Tenstorrent developers today face a choice between TT-NN which provides high-level operations that are straightforward to use but lack the expressivity needed for custom kernels and TT-Metalium which provides full hardware control through explicit low-level management of memory and compute. This is not a shortcoming of TT-Metalium; it is designed to be low-level and expressive, providing direct access to hardware primitives without abstraction overhead, and it serves its purpose well for developers who need that level of control. The problem is that there is no middle ground where the compiler handles what it does best—resource management, validation, optimization—while maintaining high expressivity for application-level concerns.

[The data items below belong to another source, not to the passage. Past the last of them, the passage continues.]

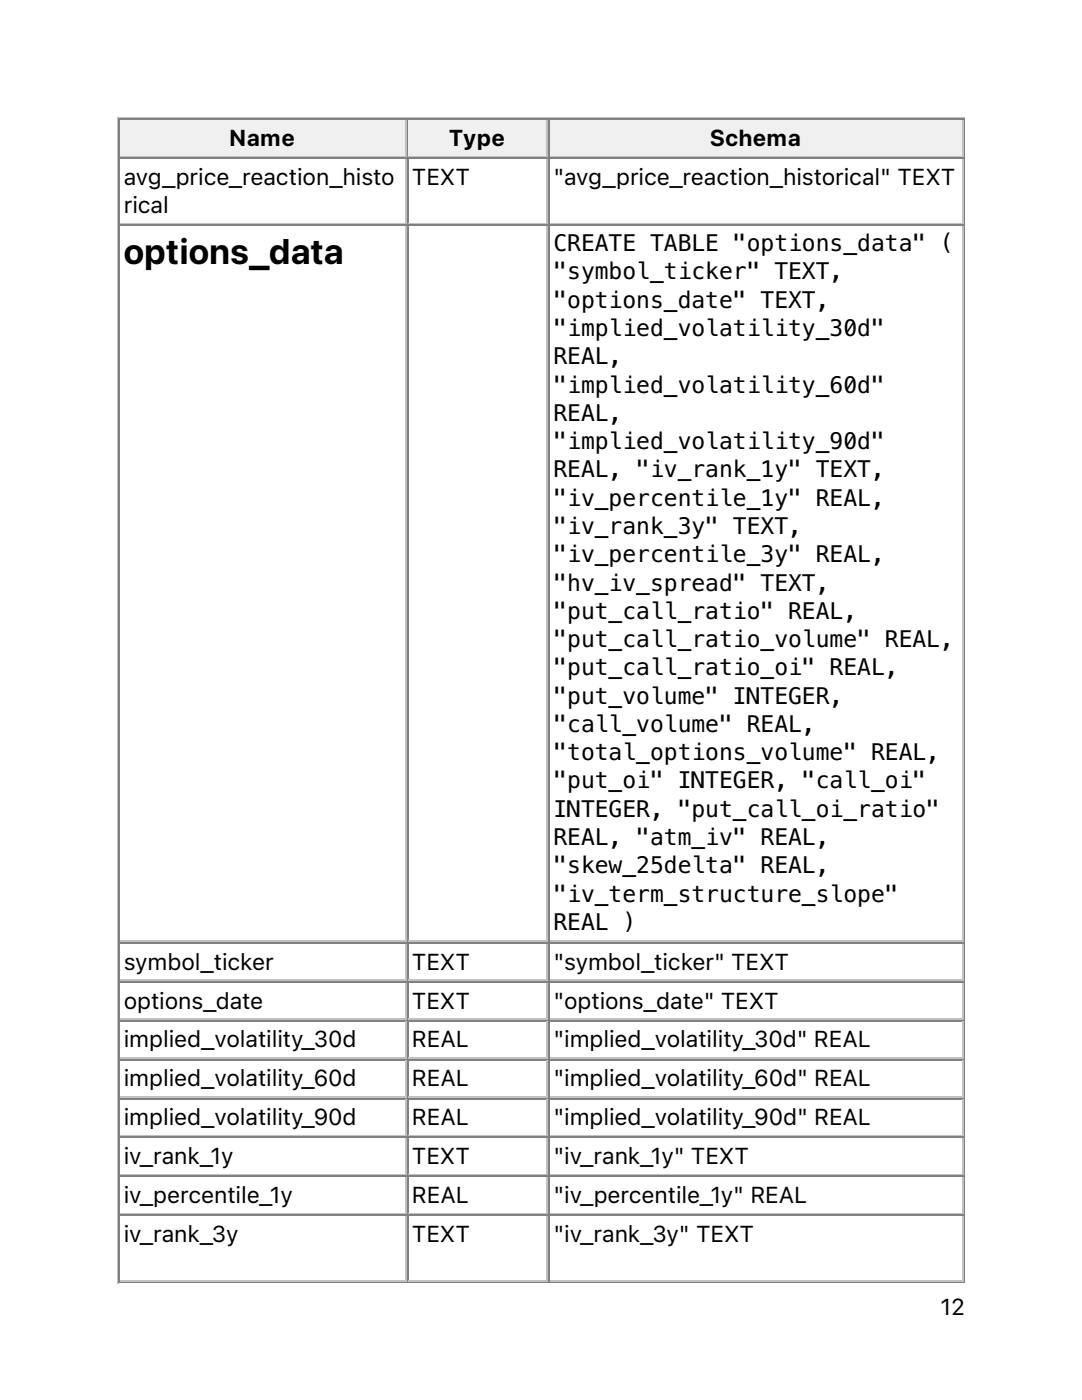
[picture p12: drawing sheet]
<svg xmlns="http://www.w3.org/2000/svg" width="216mm" height="279mm" viewBox="0 0 216 279" stroke-linecap="round" stroke-linejoin="round" font-family="sans-serif">
<defs><g id="words">
<text font-size="7.1" x="24.7" y="52.7">options_data</text>
<g font-size="4.6">
<text x="45.8" y="29.1">Name</text>
<text x="89.6" y="29.1">Type</text>
<text x="141.7" y="29.1">Schema</text>
<text x="24.7" y="36.9">avg_price_reaction_histo</text>
<text x="82.2" y="36.9">TEXT</text>
<text x="110.4" y="36.9">&quot;avg_price_reaction_historical&quot; TEXT</text>
<text x="24.7" y="42.5">rical</text>
<text x="110.4" y="50.1">CREATE TABLE &quot;options_data&quot; (</text>
<text x="110.4" y="55.8">&quot;symbol_ticker&quot; TEXT,</text>
<text x="110.4" y="61.4">&quot;options_date&quot; TEXT,</text>
<text x="110.4" y="67">&quot;implied_volatility_30d&quot;</text>
<text x="110.4" y="72.7">REAL,</text>
<text x="110.4" y="78.3">&quot;implied_volatility_60d&quot;</text>
<text x="110.4" y="84">REAL,</text>
<text x="110.4" y="89.6">&quot;implied_volatility_90d&quot;</text>
<text x="110.4" y="95.3">REAL, &quot;iv_rank_1y&quot; TEXT,</text>
<text x="110.4" y="100.9">&quot;iv_percentile_1y&quot; REAL,</text>
<text x="110.4" y="106.6">&quot;iv_rank_3y&quot; TEXT,</text>
<text x="110.4" y="112.2">&quot;iv_percentile_3y&quot; REAL,</text>
<text x="110.4" y="117.8">&quot;hv_iv_spread&quot; TEXT,</text>
<text x="110.4" y="123.5">&quot;put_call_ratio&quot; REAL,</text>
<text x="110.4" y="129.1">&quot;put_call_ratio_volume&quot; REAL,</text>
<text x="110.4" y="134.8">&quot;put_call_ratio_oi&quot; REAL,</text>
<text x="110.4" y="140.4">&quot;put_volume&quot; INTEGER,</text>
<text x="110.4" y="146.1">&quot;call_volume&quot; REAL,</text>
<text x="110.4" y="151.7">&quot;total_options_volume&quot; REAL,</text>
<text x="110.4" y="157.4">&quot;put_oi&quot; INTEGER, &quot;call_oi&quot;</text>
<text x="110.4" y="163">INTEGER, &quot;put_call_oi_ratio&quot;</text>
<text x="110.4" y="168.6">REAL, &quot;atm_iv&quot; REAL,</text>
<text x="110.4" y="174.3">&quot;skew_25delta&quot; REAL,</text>
<text x="110.4" y="179.9">&quot;iv_term_structure_slope&quot;</text>
<text x="110.4" y="185.6">REAL )</text>
<text x="24.7" y="193.5">symbol_ticker</text>
<text x="82.2" y="193.5">TEXT</text>
<text x="110.4" y="193.5">&quot;symbol_ticker&quot; TEXT</text>
<text x="24.7" y="201.3">options_date</text>
<text x="82.2" y="201.3">TEXT</text>
<text x="110.4" y="201.3">&quot;options_date&quot; TEXT</text>
<text x="24.7" y="209">implied_volatility_30d</text>
<text x="82.2" y="209">REAL</text>
<text x="110.4" y="209">&quot;implied_volatility_30d&quot; REAL</text>
<text x="24.7" y="216.8">implied_volatility_60d</text>
<text x="82.2" y="216.8">REAL</text>
<text x="110.4" y="216.8">&quot;implied_volatility_60d&quot; REAL</text>
<text x="24.7" y="224.6">implied_volatility_90d</text>
<text x="82.2" y="224.6">REAL</text>
<text x="110.4" y="224.6">&quot;implied_volatility_90d&quot; REAL</text>
<text x="24.7" y="232.3">iv_rank_1y</text>
<text x="82.2" y="232.3">TEXT</text>
<text x="110.4" y="232.3">&quot;iv_rank_1y&quot; TEXT</text>
<text x="24.7" y="240.1">iv_percentile_1y</text>
<text x="82.2" y="240.1">REAL</text>
<text x="110.4" y="240.1">&quot;iv_percentile_1y&quot; REAL</text>
<text x="24.7" y="247.8">iv_rank_3y</text>
<text x="82.2" y="247.8">TEXT</text>
<text x="110.4" y="247.8">&quot;iv_rank_3y&quot; TEXT</text>
<text x="187.7" y="262.5">12</text>
</g>
</g></defs>
<path d="M23.5 23.3v232.8M23.6 23.5h169M24 31.2h57.1M81 24v7" fill="none" stroke="#c0c0c0" stroke-width=".35"/>
<path d="M23.8 23.6v7.8M24 23.8h57.1M192.4 23.6v232.2M23.6 255.9h169" fill="none" stroke="#808080" stroke-width=".35"/>
<g fill="#f0f0f0">
<path d="M24 24h56.8v7h-56.8z"/>
<path d="M45.5 24.7h13.8v5.6h-13.8z"/>
</g>
<path d="M81.3 23.6v7.8M81.5 23.8h27.9" fill="none" stroke="#808080" stroke-width=".35"/>
<path d="M81.5 31.2h27.9M109.2 24v7" fill="none" stroke="#c0c0c0" stroke-width=".35"/>
<g fill="#f0f0f0">
<path d="M81.5 24h27.5v7h-27.5z"/>
<path d="M89.6 24.7h11.3v5.6h-11.3z"/>
</g>
<path d="M109.5 23.6v7.8M109.7 23.8h82.6" fill="none" stroke="#808080" stroke-width=".35"/>
<path d="M109.7 31.2h82.6M192.1 24v7" fill="none" stroke="#c0c0c0" stroke-width=".35"/>
<g fill="#f0f0f0">
<path d="M109.7 24h82.2v7h-82.2z"/>
<path d="M141.5 24.7h18.7v5.6h-18.7z"/>
</g>
<g fill="none" stroke="#808080" stroke-width=".35">
<path d="M23.8 31.4v224.4M24 31.6h57.1M81.3 31.4v224.4M81.5 31.6h27.9M109.5 31.4v224.4M109.7 31.6h82.6M24 45h57.1M81.5 45h27.9M109.7 45h82.6M24 188.2h57.1M24 196h57.1M81.5 188.2h27.9"/>
<path d="M81.5 196h27.9M109.7 188.2h82.6M109.7 196h82.6M24 203.7h57.1M24 211.5h57.1M24 219.3h57.1M81.5 203.7h27.9M81.5 211.5h27.9M81.5 219.3h27.9M109.7 203.7h82.6M109.7 211.5h82.6M109.7 219.3h82.6"/>
<path d="M24 227h57.1M24 234.8h57.1M81.5 227h27.9M81.5 234.8h27.9M109.7 227h82.6M109.7 234.8h82.6M24 242.5h57.1M81.5 242.5h27.9M109.7 242.5h82.6"/>
</g>
<g fill="none" stroke="#c0c0c0" stroke-width=".35">
<path d="M81 31.8v12.6M109.2 31.8v12.6M192.1 31.8v12.6M24 44.6h57.1M81 45.2v142.5M81.5 44.6h27.9M109.2 45.2v142.5M109.7 44.6h82.6M192.1 45.2v142.5M24 187.9h57.1M24 195.6h57.1M81 188.4v7"/>
<path d="M81 196.1v7.1M81.5 187.9h27.9M81.5 195.6h27.9M109.2 188.4v7M109.2 196.1v7.1M109.7 187.9h82.6M109.7 195.6h82.6M192.1 188.4v7M192.1 196.1v7.1M24 203.4h57.1M24 211.1h57.1M24 218.9h57.1"/>
<path d="M81 203.9v7.1M81 211.7v7M81 219.4v7.1M81.5 203.4h27.9M81.5 211.1h27.9M81.5 218.9h27.9M109.2 203.9v7.1M109.2 211.7v7M109.2 219.4v7.1M109.7 203.4h82.6M109.7 211.1h82.6M109.7 218.9h82.6"/>
<path d="M192.1 203.9v7.1M192.1 211.7v7M192.1 219.4v7.1M24 226.7h57.1M24 234.4h57.1M81 227.2v7M81 234.9v7.1M81.5 226.7h27.9M81.5 234.4h27.9M109.2 227.2v7M109.2 234.9v7.1M109.7 226.7h82.6"/>
<path d="M109.7 234.4h82.6M192.1 227.2v7M192.1 234.9v7.1M24 242.2h57.1M24 255.6h57.1M81 242.7v12.7M81.5 242.2h27.9M81.5 255.6h27.9M109.2 242.7v12.7M109.7 242.2h82.6M109.7 255.6h82.6M192.1 242.7v12.7"/>
</g>
<use href="#words"/>
</svg>

TT-Lang bridges this gap through progressive disclosure: simple kernels require minimal specification where the compiler infers compute API operations, NOC addressing, DST register allocation and more from high-level abstractions, while complex kernels allow developers to open the hood and craft pipelining and synchronization details directly. The primary use case is kernel fusion for model deployment. Engineers porting models through TT-NN quickly encounter operations that need to be fused for performance or patterns that TT-NN cannot express, and today this requires rewriting in TT-Metalium which takes weeks and demands undivided attention and hardware debugging expertise. TT-Lang makes this transition fast and correct: a developer can take a sequence of TT-NN operations, express the fused equivalent with explicit control over intermediate results and memory layout, validate correctness through simulation, and integrate the result as a drop-in replacement in their TT-NN graph.

Prerequisites

  • CMake 3.28+
  • Clang 18+ or GCC 11+
  • An existing LLVM/MLIR toolchain at TTMLIR_TOOLCHAIN_DIR (default: /opt/ttmlir-toolchain)
  • Python 3.11+ in the toolchain's virtual environment
  • Optional (recommended): Ninja build system

Quick Start

tt-lang depends on tt-mlir, the MLIR-based compiler infrastructure for Tenstorrent hardware. tt-mlir provides the core MLIR dialects, compilation passes, and runtime support that tt-lang builds upon to deliver a Python-based DSL for authoring custom kernels.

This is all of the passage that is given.